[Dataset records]
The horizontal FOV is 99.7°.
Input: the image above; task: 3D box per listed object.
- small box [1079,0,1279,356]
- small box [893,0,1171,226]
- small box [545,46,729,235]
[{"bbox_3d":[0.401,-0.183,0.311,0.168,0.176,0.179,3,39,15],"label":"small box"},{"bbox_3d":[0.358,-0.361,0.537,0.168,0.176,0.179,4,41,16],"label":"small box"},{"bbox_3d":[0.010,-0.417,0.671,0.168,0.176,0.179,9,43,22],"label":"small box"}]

==

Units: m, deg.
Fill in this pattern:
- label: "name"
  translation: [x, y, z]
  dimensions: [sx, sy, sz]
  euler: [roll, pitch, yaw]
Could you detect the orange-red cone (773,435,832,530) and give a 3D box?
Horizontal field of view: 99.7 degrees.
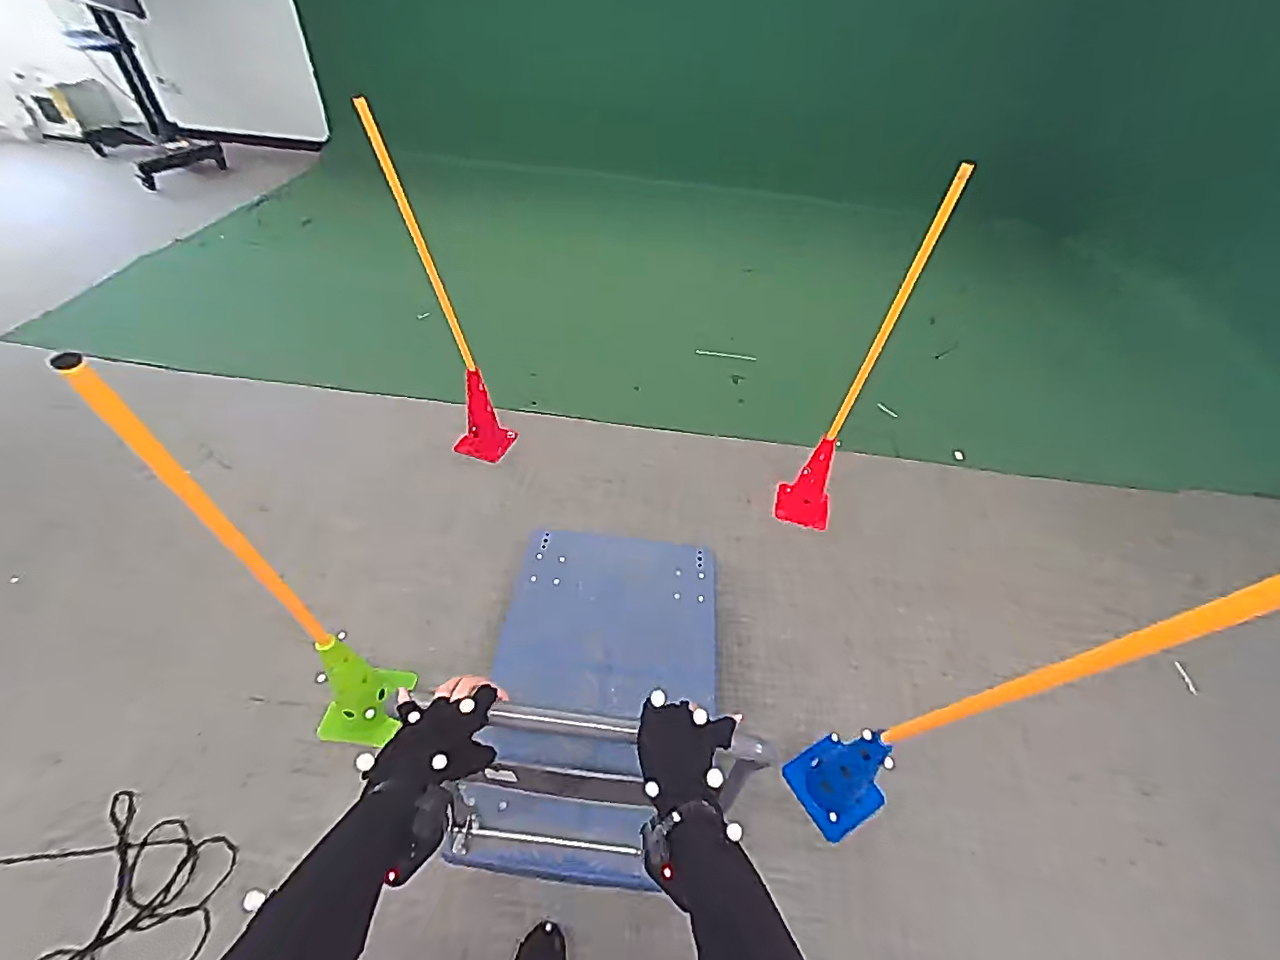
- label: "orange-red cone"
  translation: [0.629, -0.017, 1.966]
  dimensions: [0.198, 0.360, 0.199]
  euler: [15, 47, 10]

* * *

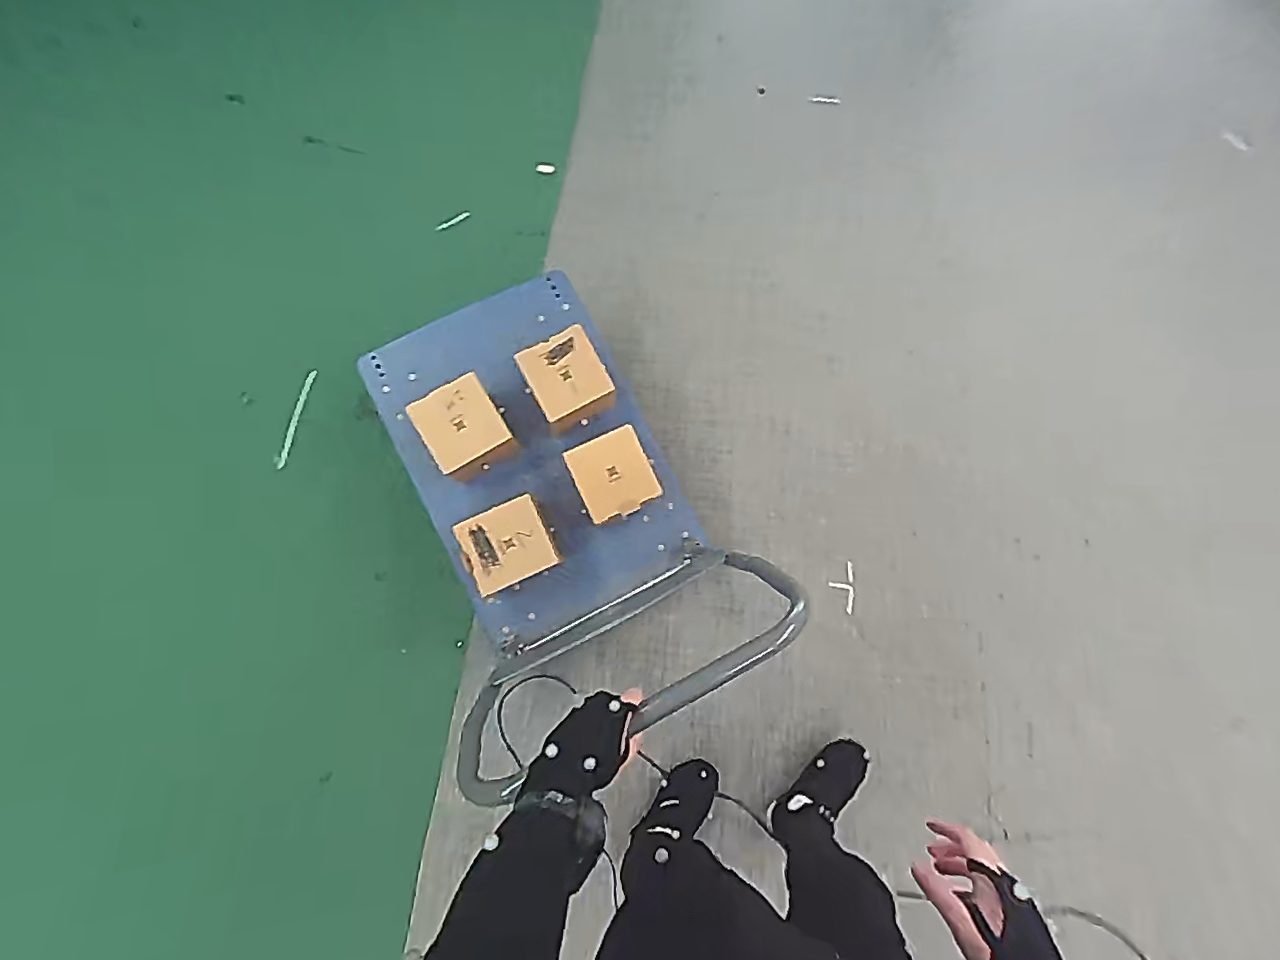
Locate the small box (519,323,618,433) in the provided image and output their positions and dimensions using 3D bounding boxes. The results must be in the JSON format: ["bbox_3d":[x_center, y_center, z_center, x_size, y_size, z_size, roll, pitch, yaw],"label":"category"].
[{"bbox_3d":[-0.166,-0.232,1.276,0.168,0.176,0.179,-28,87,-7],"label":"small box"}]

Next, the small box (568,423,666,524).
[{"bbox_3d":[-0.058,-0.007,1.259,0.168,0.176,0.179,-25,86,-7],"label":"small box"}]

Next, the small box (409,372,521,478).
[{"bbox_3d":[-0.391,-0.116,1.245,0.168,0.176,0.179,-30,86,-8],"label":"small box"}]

• **Problem details**: Set down again, word for word, the stretch of records from the line with "The horizontal FOV is 99.7°." to the line with "- small box [893,0,1171,226]", both of those lines included.

• **Final answer**:
The horizontal FOV is 99.7°.
Input: the image above; task: 3D box per listed object.
- small box [1079,0,1279,356]
- small box [893,0,1171,226]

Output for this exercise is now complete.